Now in the case of that center people can always go to court if they don't come to an agreement, but I would say that the NYTimes assessment of alternative dispute resolution is pessimistic and reflects the viewpoint of the lawyers who are 99% of democratic congressmen and nearly 50% of the republicans.
It's not so much more than one position as it is "more than one kind of settlement procedure", some of which are reasonable and some of which are quite obviously crooked.
Edit: In fact, even a private arbitration tribunal would be OK if you could: a) guarantee that the costs of the process in time and money are not unreasonable, b) reserve the right of appeal to the public courts for both parties. Just the additional leverage to the consumer of being able to appeal the arbitration tribunal might remove a lot of the incentives for it to deliver unfair results, and most people would likely settle for a fair resolution by arbitration anyways, only going to the public courts when they believe it would produce a very different result than arbitration.
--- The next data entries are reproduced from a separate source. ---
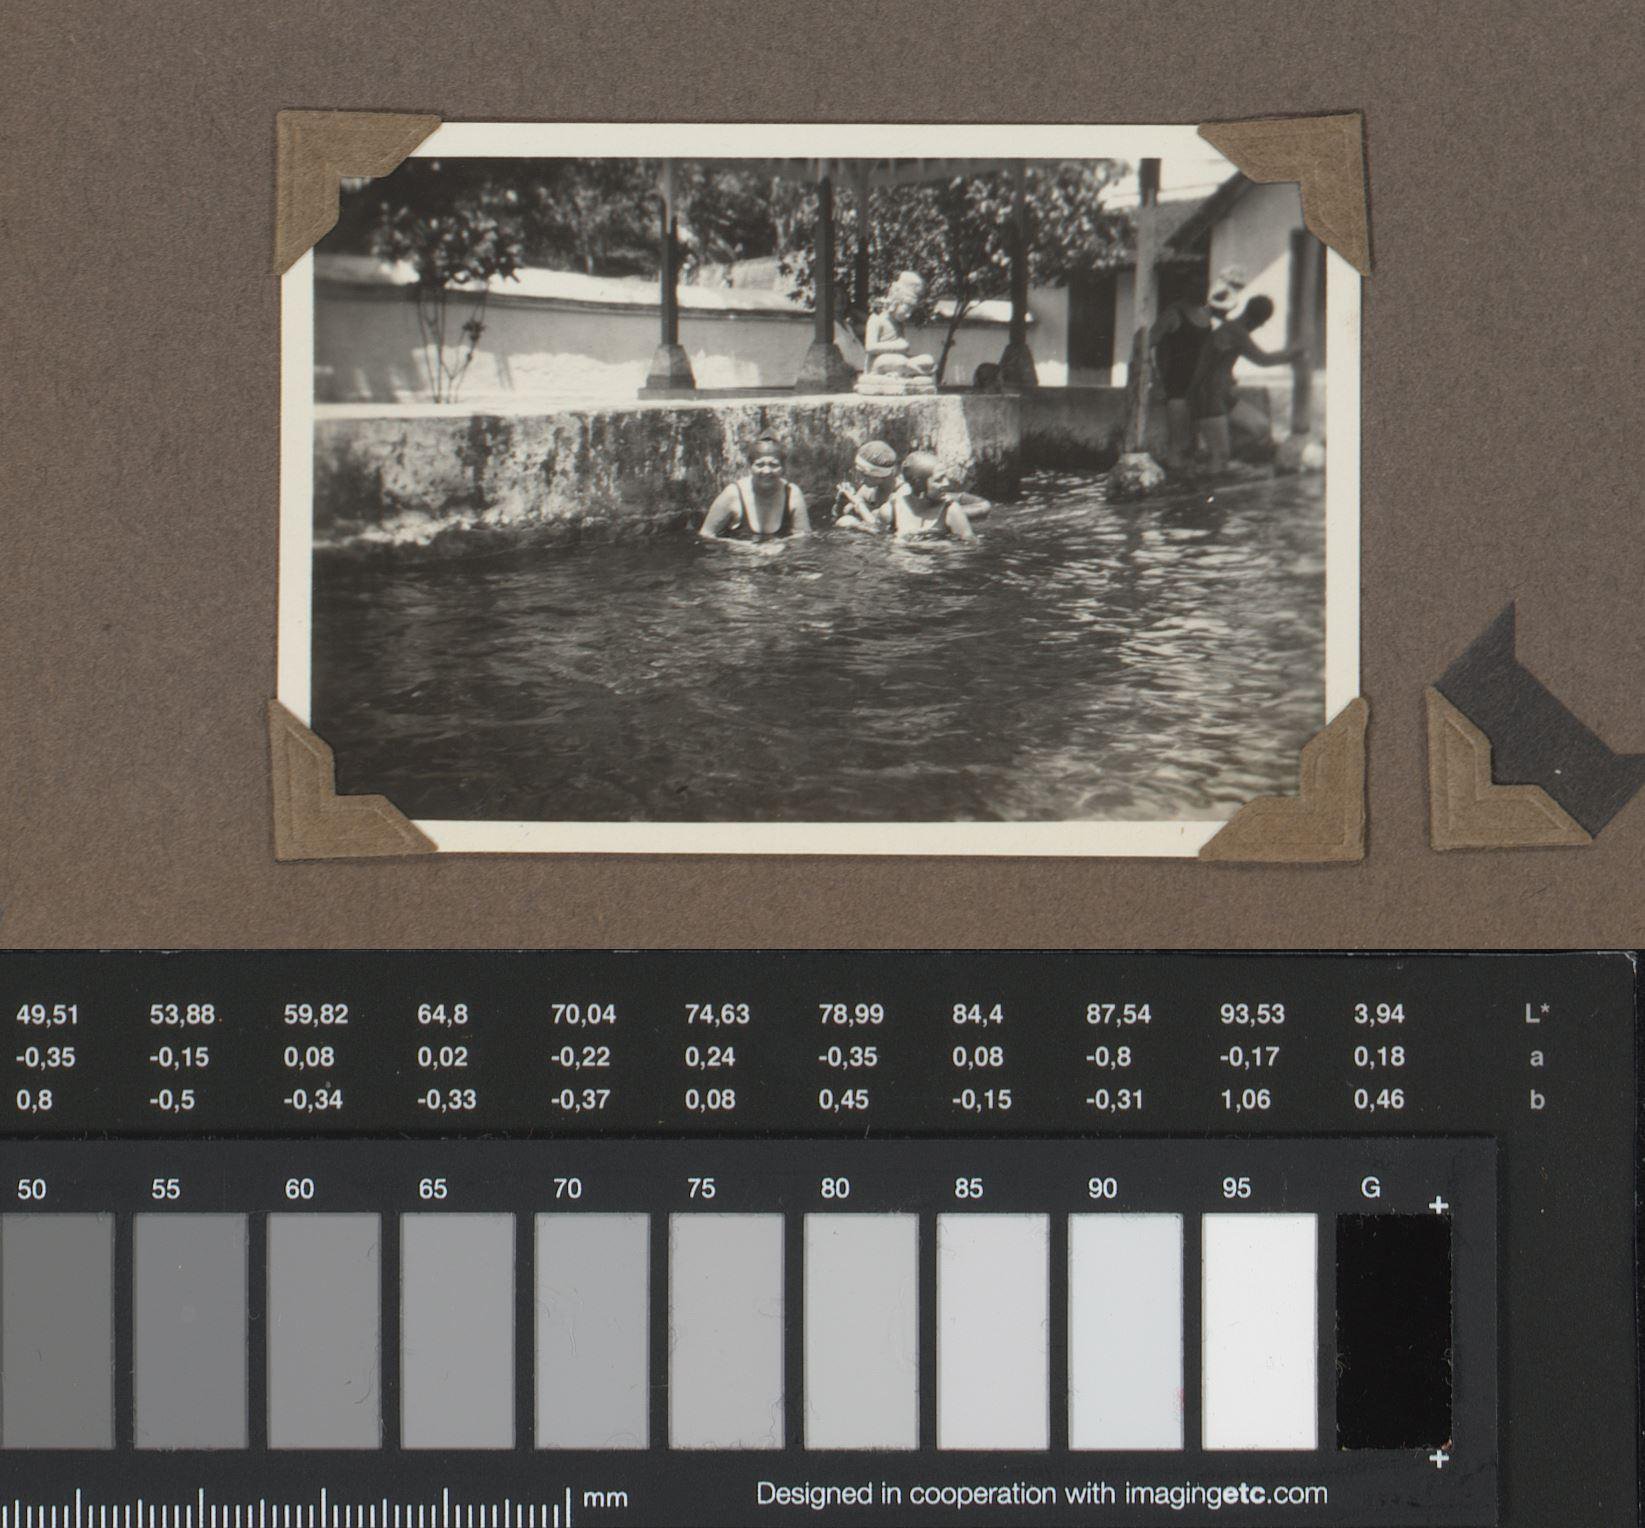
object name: photograph
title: Wilhelmina en Dootje van Zijll de Jong met een ander, zwemmend
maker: Anonymous
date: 1930-1935
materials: paper
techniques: gelatin silver print
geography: dutch east indies
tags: amsterdam, the hague, wilhelmina van zijll de jong, swimming (movement in water), dutch east indies, the

This is the key. Most arbitration clauses in contracts, however, seek to prevent going to court. And, in addition, arbitrators side with companies what appears to be far to often.
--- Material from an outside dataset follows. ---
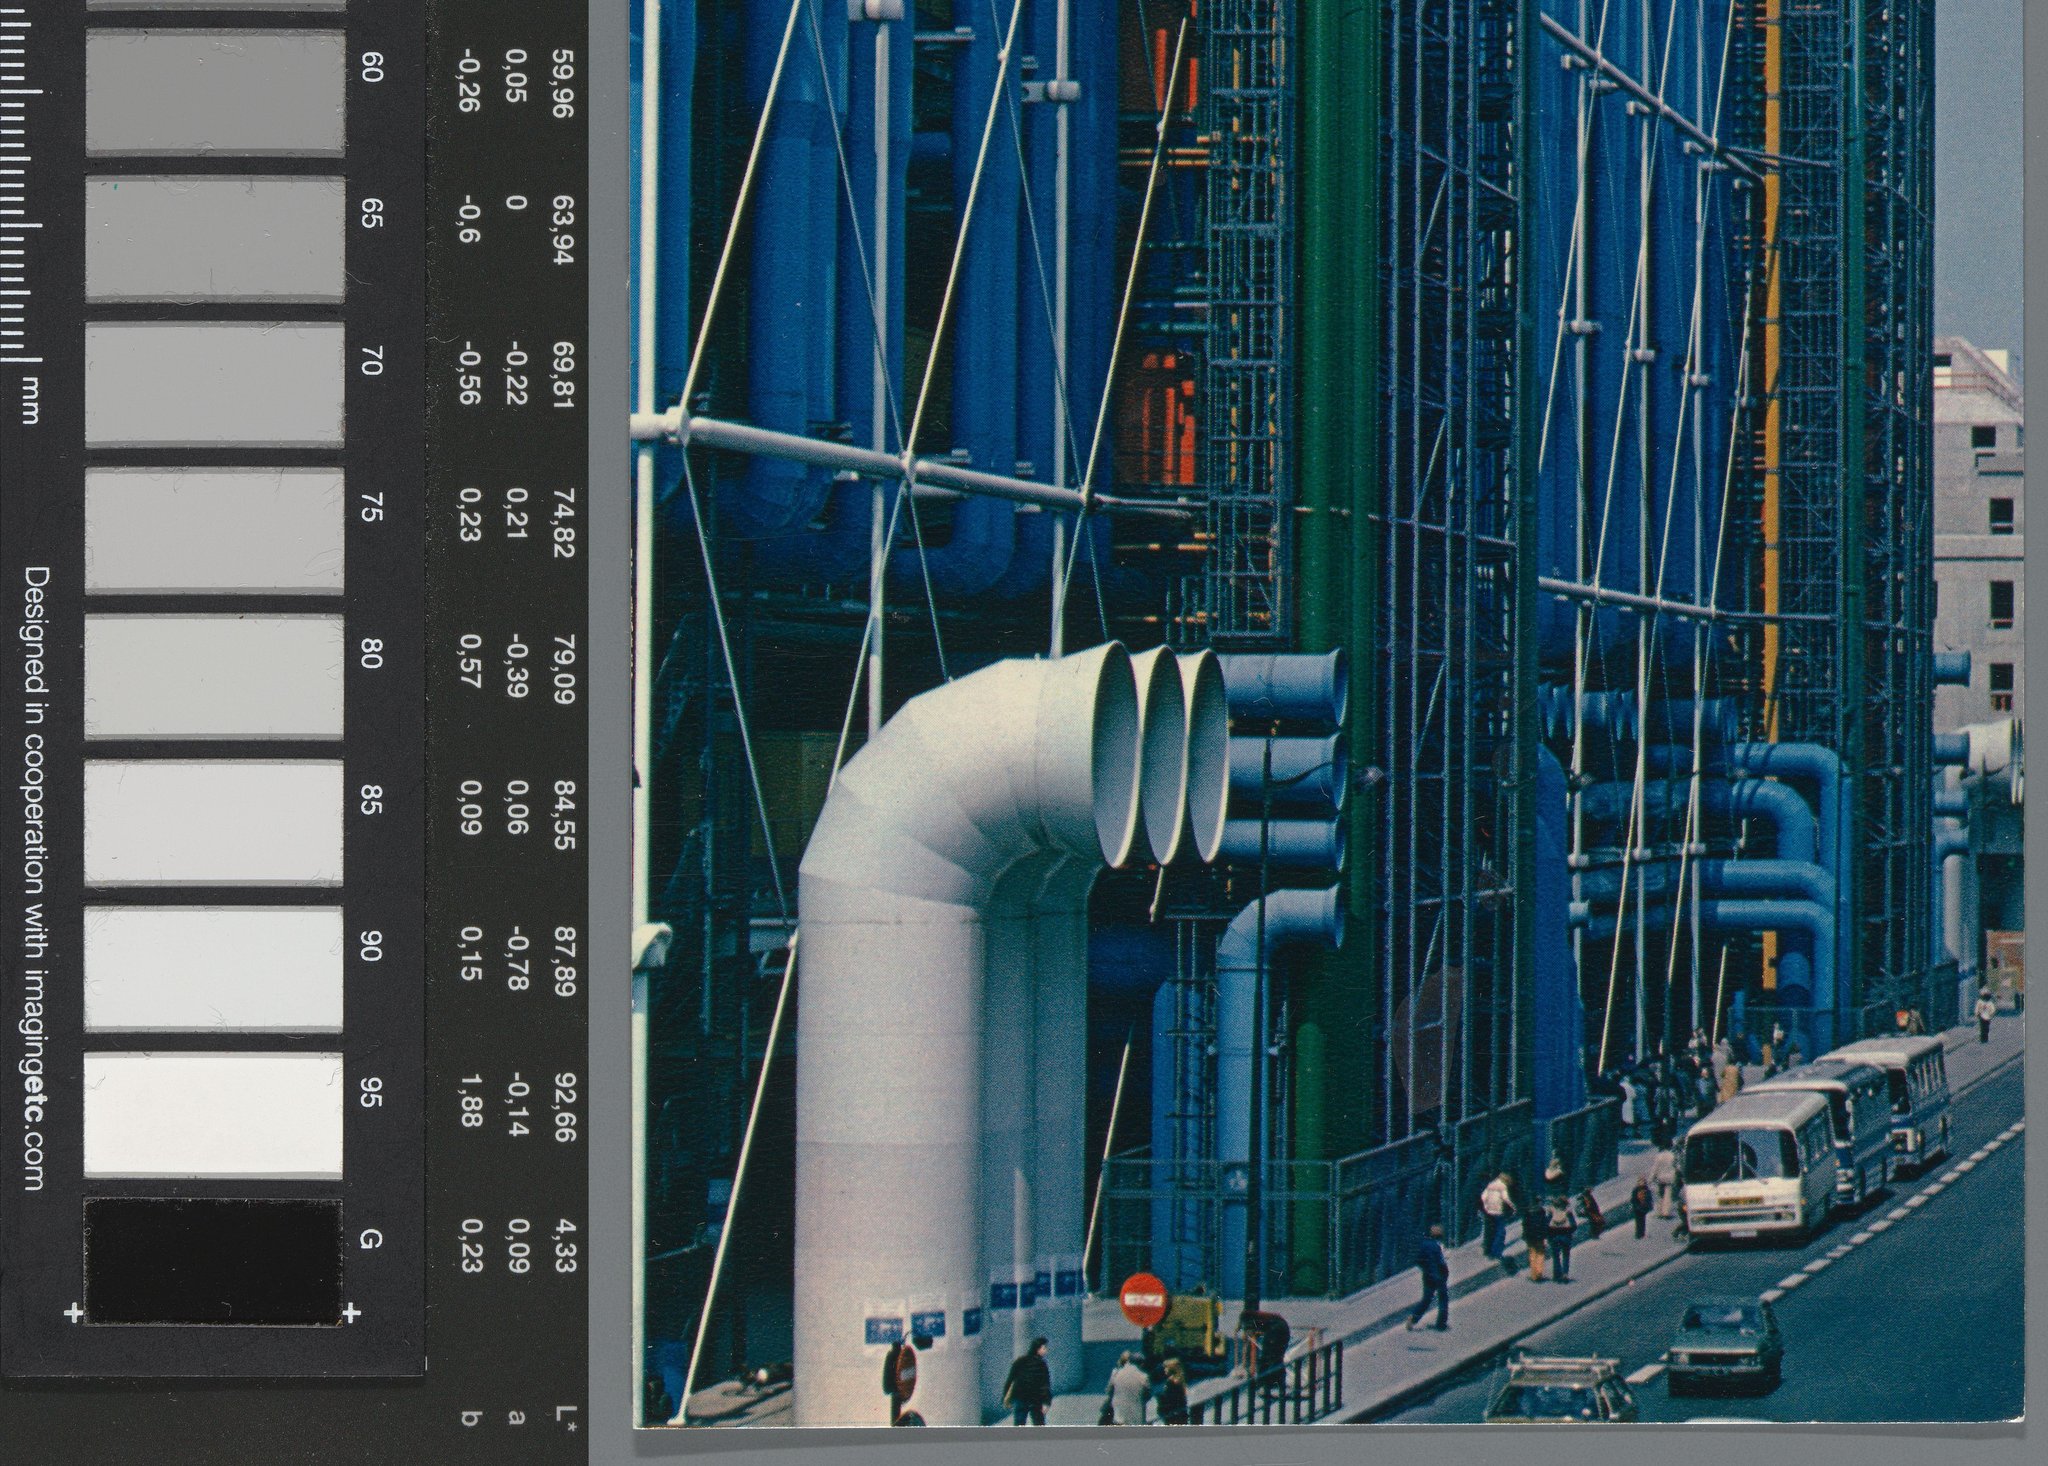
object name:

If people are required to seek arbitration, but can still go to court afterward, I have no issue at all with arbitration.
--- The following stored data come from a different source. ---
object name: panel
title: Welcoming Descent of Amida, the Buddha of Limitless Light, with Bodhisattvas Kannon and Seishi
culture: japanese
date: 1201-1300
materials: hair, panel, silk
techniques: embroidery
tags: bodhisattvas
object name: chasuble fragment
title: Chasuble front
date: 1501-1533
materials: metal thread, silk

Of course the arbitrators have to side with the companies often, otherwise the company will change the arbitrator.
For all the arbitration hate here, i'm going to guess that basically nobody here has any experience with arbitration past reading articles about how they are "company friendly" or whatever.
I'd really love to know what's wrong with arbitration in theory (it's definitely more effective and efficient than going to court for 7 years).
Most of the complainers are the plaintiffs lawyers who can no longer sell sob stories to juries and get millions because juries are easy to sway.
IE you present statistics on how "company friendly they are". These statistics do not take into account that maybe these people should be winning these claims. Given how many claims are completely worthless, ...
And please, read the normal JAMS or AAA arbitration rules, which are generally quite fair, before complaining. Because i would suspect most of the suggestions that get made are already the way things are.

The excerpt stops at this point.